**Data listing:**
>>

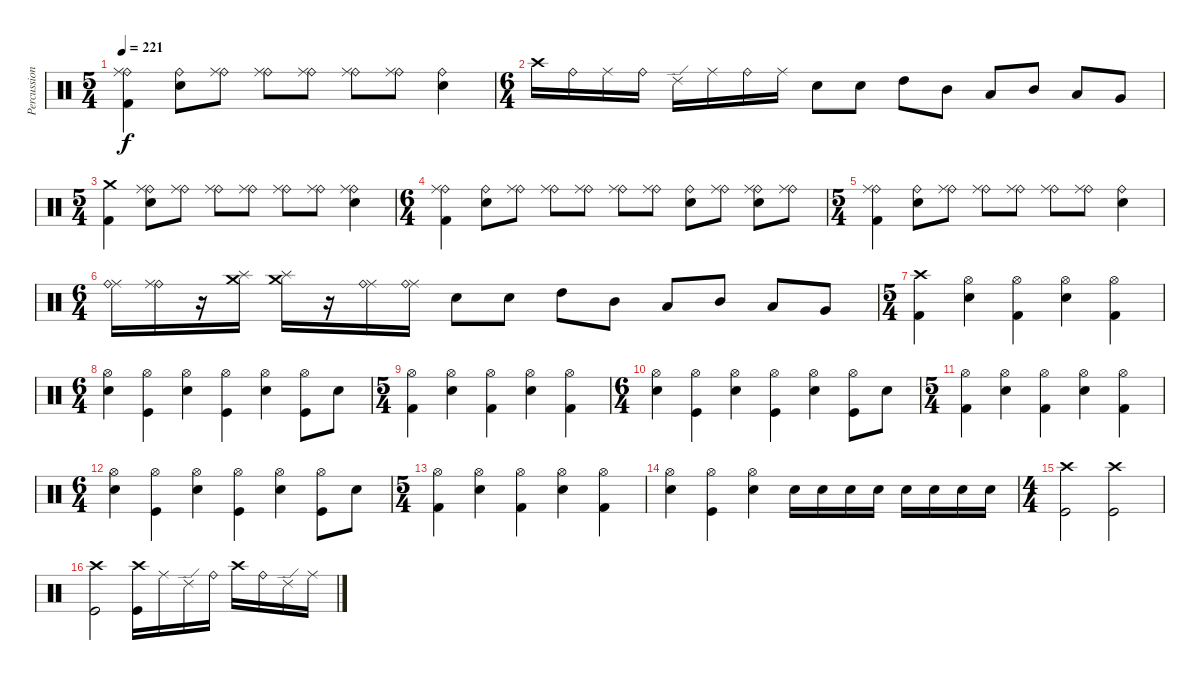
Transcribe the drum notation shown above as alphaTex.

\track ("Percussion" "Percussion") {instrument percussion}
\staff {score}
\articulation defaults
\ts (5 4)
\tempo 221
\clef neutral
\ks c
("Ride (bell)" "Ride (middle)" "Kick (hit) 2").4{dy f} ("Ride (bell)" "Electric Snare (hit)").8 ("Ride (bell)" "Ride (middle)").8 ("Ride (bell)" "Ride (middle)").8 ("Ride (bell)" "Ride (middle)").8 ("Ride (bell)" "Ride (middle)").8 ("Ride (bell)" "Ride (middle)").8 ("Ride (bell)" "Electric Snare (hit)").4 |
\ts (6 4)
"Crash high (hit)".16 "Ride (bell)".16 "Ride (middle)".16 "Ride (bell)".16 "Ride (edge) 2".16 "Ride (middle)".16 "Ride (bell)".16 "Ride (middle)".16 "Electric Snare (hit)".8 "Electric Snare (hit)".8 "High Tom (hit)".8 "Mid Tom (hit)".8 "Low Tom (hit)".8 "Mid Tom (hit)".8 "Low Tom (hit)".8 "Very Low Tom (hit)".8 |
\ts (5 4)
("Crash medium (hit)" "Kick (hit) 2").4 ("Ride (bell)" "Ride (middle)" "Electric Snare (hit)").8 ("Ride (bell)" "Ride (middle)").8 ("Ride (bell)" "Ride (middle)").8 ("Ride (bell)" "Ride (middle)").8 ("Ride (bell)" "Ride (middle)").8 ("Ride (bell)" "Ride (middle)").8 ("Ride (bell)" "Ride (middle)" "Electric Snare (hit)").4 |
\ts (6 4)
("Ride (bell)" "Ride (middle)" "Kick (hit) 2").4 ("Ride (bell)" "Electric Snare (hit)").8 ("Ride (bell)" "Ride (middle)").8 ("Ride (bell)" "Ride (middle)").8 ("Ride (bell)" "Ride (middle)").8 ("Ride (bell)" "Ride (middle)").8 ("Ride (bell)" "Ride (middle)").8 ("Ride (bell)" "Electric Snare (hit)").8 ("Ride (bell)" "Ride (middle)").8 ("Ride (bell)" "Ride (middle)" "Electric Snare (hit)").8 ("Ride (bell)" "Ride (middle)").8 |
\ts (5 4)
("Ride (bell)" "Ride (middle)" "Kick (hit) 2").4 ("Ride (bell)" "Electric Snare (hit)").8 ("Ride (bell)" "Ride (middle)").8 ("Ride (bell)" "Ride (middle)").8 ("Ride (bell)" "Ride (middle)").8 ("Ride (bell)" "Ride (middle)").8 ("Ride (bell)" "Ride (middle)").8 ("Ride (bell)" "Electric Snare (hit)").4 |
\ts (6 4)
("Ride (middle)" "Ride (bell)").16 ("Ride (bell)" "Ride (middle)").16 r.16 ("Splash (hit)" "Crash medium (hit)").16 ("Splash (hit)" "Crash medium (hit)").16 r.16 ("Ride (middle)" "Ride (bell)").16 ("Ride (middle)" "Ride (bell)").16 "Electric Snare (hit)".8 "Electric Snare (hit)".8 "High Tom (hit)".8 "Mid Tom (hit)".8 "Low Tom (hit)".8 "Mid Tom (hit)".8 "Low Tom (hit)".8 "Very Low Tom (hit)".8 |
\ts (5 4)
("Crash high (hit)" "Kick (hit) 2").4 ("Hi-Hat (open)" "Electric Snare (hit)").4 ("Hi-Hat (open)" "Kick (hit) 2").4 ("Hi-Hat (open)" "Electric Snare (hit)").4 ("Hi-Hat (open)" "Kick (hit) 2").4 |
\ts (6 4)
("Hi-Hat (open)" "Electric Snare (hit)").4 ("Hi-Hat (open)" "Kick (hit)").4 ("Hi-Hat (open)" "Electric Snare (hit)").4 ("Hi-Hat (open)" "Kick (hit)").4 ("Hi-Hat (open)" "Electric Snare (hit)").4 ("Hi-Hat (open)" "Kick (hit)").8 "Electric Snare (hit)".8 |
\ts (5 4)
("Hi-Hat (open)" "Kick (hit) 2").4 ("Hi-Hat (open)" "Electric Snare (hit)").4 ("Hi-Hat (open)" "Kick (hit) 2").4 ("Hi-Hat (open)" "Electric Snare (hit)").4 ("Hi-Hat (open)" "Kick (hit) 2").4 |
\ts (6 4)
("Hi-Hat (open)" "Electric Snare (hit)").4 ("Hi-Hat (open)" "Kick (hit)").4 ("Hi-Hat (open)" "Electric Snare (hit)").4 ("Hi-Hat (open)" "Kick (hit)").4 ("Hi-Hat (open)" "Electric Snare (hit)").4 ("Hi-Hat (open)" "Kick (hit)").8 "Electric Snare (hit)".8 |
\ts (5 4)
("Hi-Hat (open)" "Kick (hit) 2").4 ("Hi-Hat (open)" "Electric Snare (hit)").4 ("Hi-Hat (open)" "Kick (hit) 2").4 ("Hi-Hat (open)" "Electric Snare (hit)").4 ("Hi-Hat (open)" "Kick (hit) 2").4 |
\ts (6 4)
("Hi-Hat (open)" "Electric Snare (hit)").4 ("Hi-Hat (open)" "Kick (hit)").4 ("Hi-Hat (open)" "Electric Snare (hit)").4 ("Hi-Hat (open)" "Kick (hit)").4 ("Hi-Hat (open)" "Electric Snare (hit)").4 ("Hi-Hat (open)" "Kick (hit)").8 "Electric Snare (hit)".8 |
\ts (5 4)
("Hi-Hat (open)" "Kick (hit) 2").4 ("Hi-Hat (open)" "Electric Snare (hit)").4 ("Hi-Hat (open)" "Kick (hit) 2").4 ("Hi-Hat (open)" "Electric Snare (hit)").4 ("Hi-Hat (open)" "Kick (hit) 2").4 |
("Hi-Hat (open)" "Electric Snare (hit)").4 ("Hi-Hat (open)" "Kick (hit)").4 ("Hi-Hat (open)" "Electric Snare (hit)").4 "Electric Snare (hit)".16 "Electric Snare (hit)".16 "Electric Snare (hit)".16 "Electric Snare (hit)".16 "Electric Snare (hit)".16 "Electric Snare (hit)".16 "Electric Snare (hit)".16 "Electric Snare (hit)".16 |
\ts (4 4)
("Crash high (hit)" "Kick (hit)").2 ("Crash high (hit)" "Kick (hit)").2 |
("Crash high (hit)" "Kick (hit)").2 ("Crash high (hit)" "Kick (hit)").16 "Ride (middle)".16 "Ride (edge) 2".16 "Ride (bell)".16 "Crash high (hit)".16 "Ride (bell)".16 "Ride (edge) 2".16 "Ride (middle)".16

<<

**Exercise requirements:** Copy the listing above exactly, minus the pictures.

**Final answer:**
Transcribe the drum notation shown above as alphaTex.

\track ("Percussion" "Percussion") {instrument percussion}
\staff {score}
\articulation defaults
\ts (5 4)
\tempo 221
\clef neutral
\ks c
("Ride (bell)" "Ride (middle)" "Kick (hit) 2").4{dy f} ("Ride (bell)" "Electric Snare (hit)").8 ("Ride (bell)" "Ride (middle)").8 ("Ride (bell)" "Ride (middle)").8 ("Ride (bell)" "Ride (middle)").8 ("Ride (bell)" "Ride (middle)").8 ("Ride (bell)" "Ride (middle)").8 ("Ride (bell)" "Electric Snare (hit)").4 |
\ts (6 4)
"Crash high (hit)".16 "Ride (bell)".16 "Ride (middle)".16 "Ride (bell)".16 "Ride (edge) 2".16 "Ride (middle)".16 "Ride (bell)".16 "Ride (middle)".16 "Electric Snare (hit)".8 "Electric Snare (hit)".8 "High Tom (hit)".8 "Mid Tom (hit)".8 "Low Tom (hit)".8 "Mid Tom (hit)".8 "Low Tom (hit)".8 "Very Low Tom (hit)".8 |
\ts (5 4)
("Crash medium (hit)" "Kick (hit) 2").4 ("Ride (bell)" "Ride (middle)" "Electric Snare (hit)").8 ("Ride (bell)" "Ride (middle)").8 ("Ride (bell)" "Ride (middle)").8 ("Ride (bell)" "Ride (middle)").8 ("Ride (bell)" "Ride (middle)").8 ("Ride (bell)" "Ride (middle)").8 ("Ride (bell)" "Ride (middle)" "Electric Snare (hit)").4 |
\ts (6 4)
("Ride (bell)" "Ride (middle)" "Kick (hit) 2").4 ("Ride (bell)" "Electric Snare (hit)").8 ("Ride (bell)" "Ride (middle)").8 ("Ride (bell)" "Ride (middle)").8 ("Ride (bell)" "Ride (middle)").8 ("Ride (bell)" "Ride (middle)").8 ("Ride (bell)" "Ride (middle)").8 ("Ride (bell)" "Electric Snare (hit)").8 ("Ride (bell)" "Ride (middle)").8 ("Ride (bell)" "Ride (middle)" "Electric Snare (hit)").8 ("Ride (bell)" "Ride (middle)").8 |
\ts (5 4)
("Ride (bell)" "Ride (middle)" "Kick (hit) 2").4 ("Ride (bell)" "Electric Snare (hit)").8 ("Ride (bell)" "Ride (middle)").8 ("Ride (bell)" "Ride (middle)").8 ("Ride (bell)" "Ride (middle)").8 ("Ride (bell)" "Ride (middle)").8 ("Ride (bell)" "Ride (middle)").8 ("Ride (bell)" "Electric Snare (hit)").4 |
\ts (6 4)
("Ride (middle)" "Ride (bell)").16 ("Ride (bell)" "Ride (middle)").16 r.16 ("Splash (hit)" "Crash medium (hit)").16 ("Splash (hit)" "Crash medium (hit)").16 r.16 ("Ride (middle)" "Ride (bell)").16 ("Ride (middle)" "Ride (bell)").16 "Electric Snare (hit)".8 "Electric Snare (hit)".8 "High Tom (hit)".8 "Mid Tom (hit)".8 "Low Tom (hit)".8 "Mid Tom (hit)".8 "Low Tom (hit)".8 "Very Low Tom (hit)".8 |
\ts (5 4)
("Crash high (hit)" "Kick (hit) 2").4 ("Hi-Hat (open)" "Electric Snare (hit)").4 ("Hi-Hat (open)" "Kick (hit) 2").4 ("Hi-Hat (open)" "Electric Snare (hit)").4 ("Hi-Hat (open)" "Kick (hit) 2").4 |
\ts (6 4)
("Hi-Hat (open)" "Electric Snare (hit)").4 ("Hi-Hat (open)" "Kick (hit)").4 ("Hi-Hat (open)" "Electric Snare (hit)").4 ("Hi-Hat (open)" "Kick (hit)").4 ("Hi-Hat (open)" "Electric Snare (hit)").4 ("Hi-Hat (open)" "Kick (hit)").8 "Electric Snare (hit)".8 |
\ts (5 4)
("Hi-Hat (open)" "Kick (hit) 2").4 ("Hi-Hat (open)" "Electric Snare (hit)").4 ("Hi-Hat (open)" "Kick (hit) 2").4 ("Hi-Hat (open)" "Electric Snare (hit)").4 ("Hi-Hat (open)" "Kick (hit) 2").4 |
\ts (6 4)
("Hi-Hat (open)" "Electric Snare (hit)").4 ("Hi-Hat (open)" "Kick (hit)").4 ("Hi-Hat (open)" "Electric Snare (hit)").4 ("Hi-Hat (open)" "Kick (hit)").4 ("Hi-Hat (open)" "Electric Snare (hit)").4 ("Hi-Hat (open)" "Kick (hit)").8 "Electric Snare (hit)".8 |
\ts (5 4)
("Hi-Hat (open)" "Kick (hit) 2").4 ("Hi-Hat (open)" "Electric Snare (hit)").4 ("Hi-Hat (open)" "Kick (hit) 2").4 ("Hi-Hat (open)" "Electric Snare (hit)").4 ("Hi-Hat (open)" "Kick (hit) 2").4 |
\ts (6 4)
("Hi-Hat (open)" "Electric Snare (hit)").4 ("Hi-Hat (open)" "Kick (hit)").4 ("Hi-Hat (open)" "Electric Snare (hit)").4 ("Hi-Hat (open)" "Kick (hit)").4 ("Hi-Hat (open)" "Electric Snare (hit)").4 ("Hi-Hat (open)" "Kick (hit)").8 "Electric Snare (hit)".8 |
\ts (5 4)
("Hi-Hat (open)" "Kick (hit) 2").4 ("Hi-Hat (open)" "Electric Snare (hit)").4 ("Hi-Hat (open)" "Kick (hit) 2").4 ("Hi-Hat (open)" "Electric Snare (hit)").4 ("Hi-Hat (open)" "Kick (hit) 2").4 |
("Hi-Hat (open)" "Electric Snare (hit)").4 ("Hi-Hat (open)" "Kick (hit)").4 ("Hi-Hat (open)" "Electric Snare (hit)").4 "Electric Snare (hit)".16 "Electric Snare (hit)".16 "Electric Snare (hit)".16 "Electric Snare (hit)".16 "Electric Snare (hit)".16 "Electric Snare (hit)".16 "Electric Snare (hit)".16 "Electric Snare (hit)".16 |
\ts (4 4)
("Crash high (hit)" "Kick (hit)").2 ("Crash high (hit)" "Kick (hit)").2 |
("Crash high (hit)" "Kick (hit)").2 ("Crash high (hit)" "Kick (hit)").16 "Ride (middle)".16 "Ride (edge) 2".16 "Ride (bell)".16 "Crash high (hit)".16 "Ride (bell)".16 "Ride (edge) 2".16 "Ride (middle)".16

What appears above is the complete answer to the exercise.